# BDSI Python 101

Date: June 12, 2017

Instructor: Jonathan Stroud (stroud@umich.edu)

*******************************************************************
*******************************************************************

## Introduction
*Python* is a modern, robust, high level programming language. It is very easy to pick up even if you are completely new to programming.

*Jupyter notebooks* are a convenient way to write and execute Python code. They are widely used by data scientists and researchers. You're using one right now!

## Installation

In order to load these notebooks on your machine, you need to install Jupyter. You can do this with Anaconda, which includes many other python packages as well. If you prefer something lightweight, you can install Jupyter directly. 

### Option 1: With Anaconda (preferred)

Follow the instructions on Anaconda's website, here: https://www.continuum.io/downloads. Anaconda includes everything you need for these tutorials. **\*\*These tutorials assume you are using Python 2.7.**

Once you're done with that, open a terminal and enter

```
jupyter notebook
```

Congrats! You're running Jupyter. The interface should appear in your browser.

### Option 2: With plain Python

#### 1. Install Python

Mac OS X and Linux comes pre installed with python. Windows users can download python from https://www.python.org/downloads/ .

**\*\*These tutorials assume you are using Python 2.7.**

#### 2. Install Jupyter

To install Jupyter, open a terminal and run

```
pip install jupyter
```

Once you're done with that, open a terminal and enter

```
jupyter notebook
```

Congrats! You're running Jupyter. The interface should appear in your browser.


## Launching IPython Notebook

From the terminal, run:

```
ipython notebook
```

in the directory that contains the notebooks.

## Using this resource

(from the command line)

1. Download the notebooks and data: 
```
git clone bdsipython
```
2. Launch Jupyter from the folder which contains the notebooks.
```
cd bdsipython
jupyter notebook
```
3. Open each one of them and enter
```
Cell > All Output > Clear
```
This will clear all the outputs and now you can understand each statement and learn interactively.

## Acknowledgments

These notes are adopted & condensed from: https://github.com/rajathkumarmp/Python-Lectures

****************************************************************
****************************************************************

# Variables

A name that is used to denote something or a value is called a variable. In python, variables can be declared and values can be assigned to it as follows,

In [1]:
x = 2
y = 5
xy = '"Hey"'
z = '2'
b = True

In [2]:
print x+y, xy
print x + 1
print z + xy
print z, xy
print b

7 "Hey"
3
2"Hey"
2 "Hey"
True


In [3]:
z

'2'

# Operators


## Arithmetic Operators

| Symbol | Task Performed |
|----|---|
| +  | Addition |
| -  | Subtraction |
| /  | division |
| *  | multiplication |
| **  | to the power of |

In [4]:
1+2

3

In [5]:
2-1

1

In [6]:
1*2

2

In [7]:
2/3

0

Why 0? This is because both the numerator and denominator are integers but the result is a float value hence an integer value is returned.
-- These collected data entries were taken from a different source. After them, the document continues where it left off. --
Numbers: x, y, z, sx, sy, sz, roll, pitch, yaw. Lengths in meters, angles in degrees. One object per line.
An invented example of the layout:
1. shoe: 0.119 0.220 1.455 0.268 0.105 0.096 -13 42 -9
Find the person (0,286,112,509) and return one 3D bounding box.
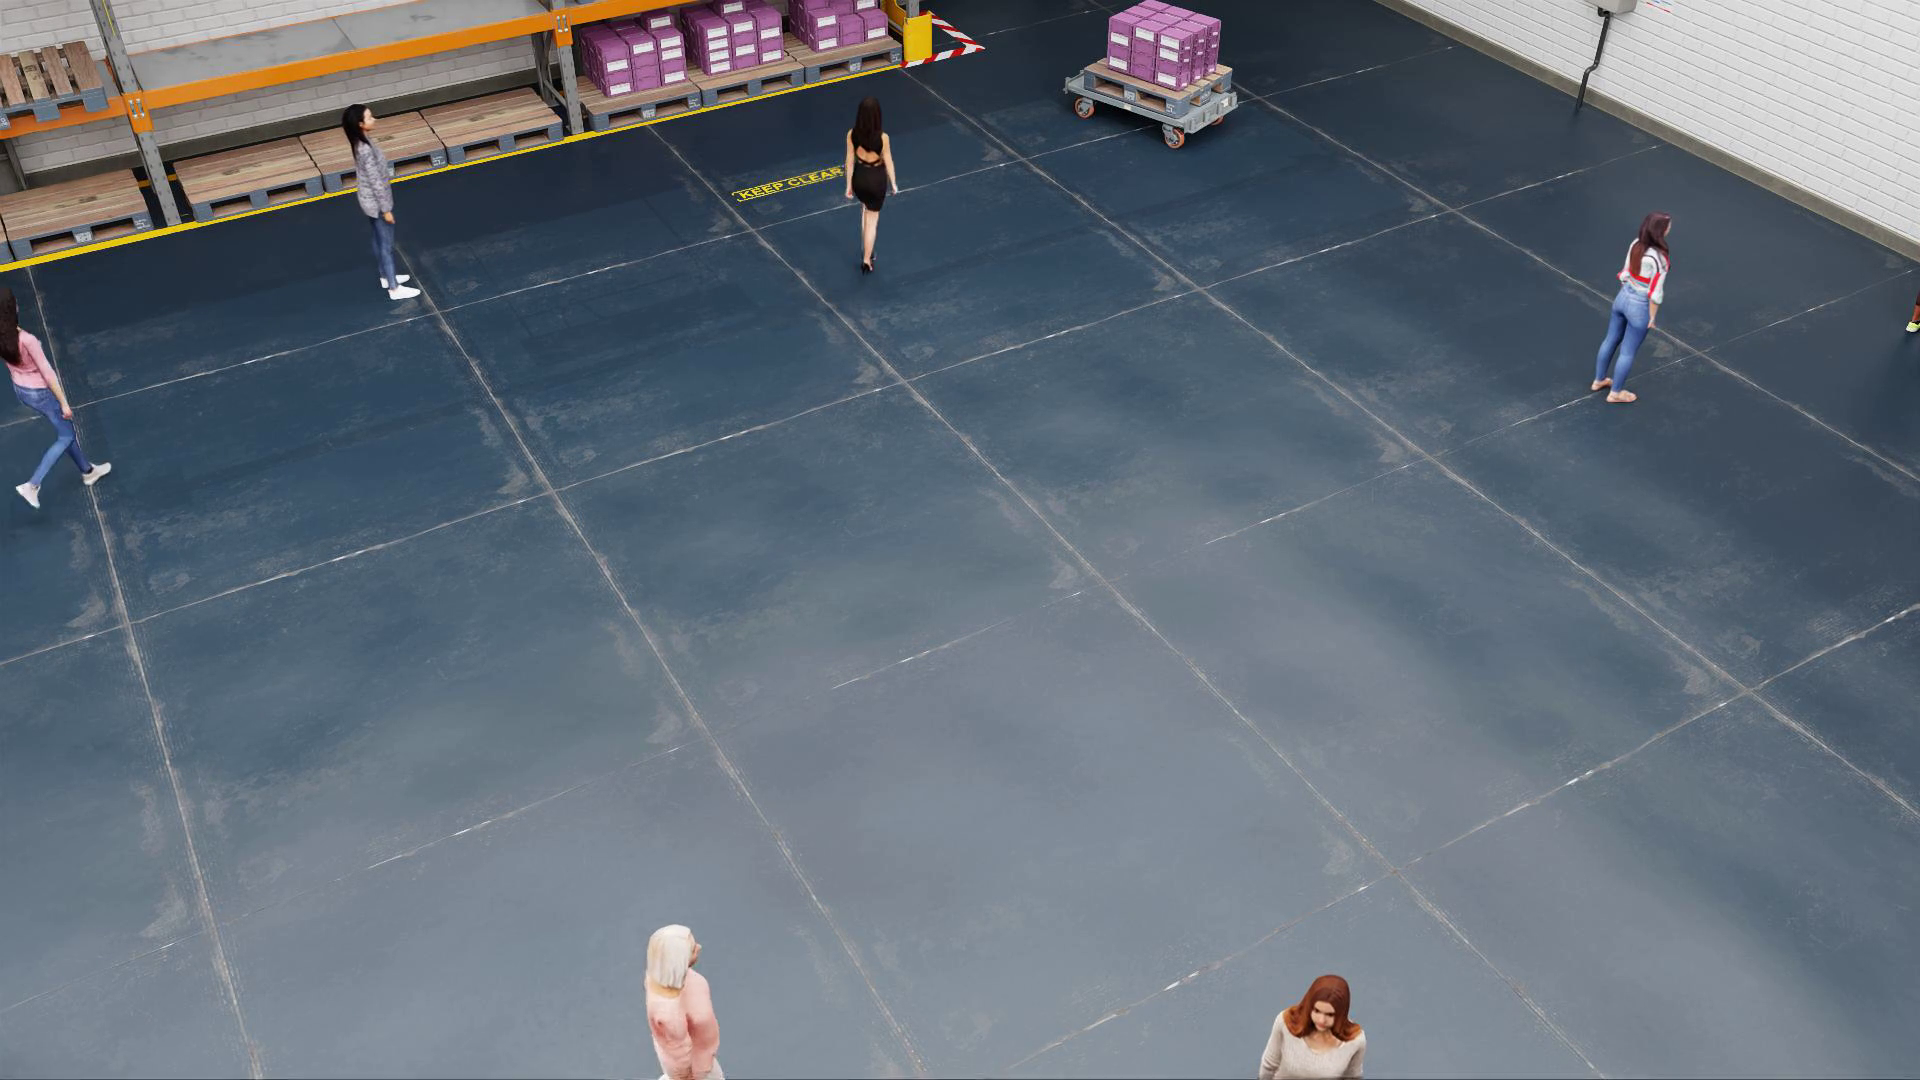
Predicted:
1. person: -6.634 -1.001 11.880 0.920 1.724 1.067 16 41 19

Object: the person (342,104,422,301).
1. person: -5.016 -2.914 14.270 0.517 1.732 0.605 -19 42 -22

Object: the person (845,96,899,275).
1. person: -0.816 -3.031 14.496 0.709 1.632 0.767 12 40 14

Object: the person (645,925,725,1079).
1. person: -1.348 2.357 7.686 0.995 1.711 0.717 -11 40 -14

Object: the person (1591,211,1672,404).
1. person: 5.278 -1.836 13.014 0.565 1.613 0.622 -12 40 -15

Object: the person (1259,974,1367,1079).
1. person: 1.552 2.502 7.502 0.693 1.713 0.750 10 40 12

By changing either the numerator or the denominator to float, correct answer can be obtained.

In [67]:
print 2/3         # integer division
print 2/3.0       # float division
print 2.0/3.0     # float division
print 2/float(3)  # float division

0
0.666666666667
0.666666666667
0.666666666667


In [9]:
2**3

8

## Relational Operators

| Symbol | Task Performed |
|----|---|
| == | True, if it is equal |
| !=  | True, if not equal to |
| < | less than |
| > | greater than |
| <=  | less than or equal to |
| >=  | greater than or equal to |
| and | both are true |
| or | either or both are true |

In [10]:
z = 1  # sets z to 1

In [11]:
z == 1 # checks if z is 1

True

In [12]:
z > 1

False

In [13]:
(z > 1) and (z < 2)

False

In [14]:
(z > 1) or (z < 2)

True

# Strings

_Strings_ are a data type in python that consist of a sequence of characters. We commonly use strings to store words or sentences. Python has many ways to define strings, including both single and double quotes.

In [52]:
word1 = 'Hello'
word2 = "world"

In [53]:
print word1, word2

Hello world


Strings often behave differently than numerical values when we apply typical operators.

In [58]:
print word1 + word2
print word1 + ' ' + word2 + '!'
print word1 * 2
#print word1 - word2 # This causes an error
#print word1 / word2 # Error

Helloworld
Hello world!
HelloHello


In [61]:
print len(word1)
print word1.lower()
print word2.upper()

5
hello
WORLD


# Lists

*Lists* are a data structure that store many values in sequence. They behave a lot like strings, but can store any values, not just characters.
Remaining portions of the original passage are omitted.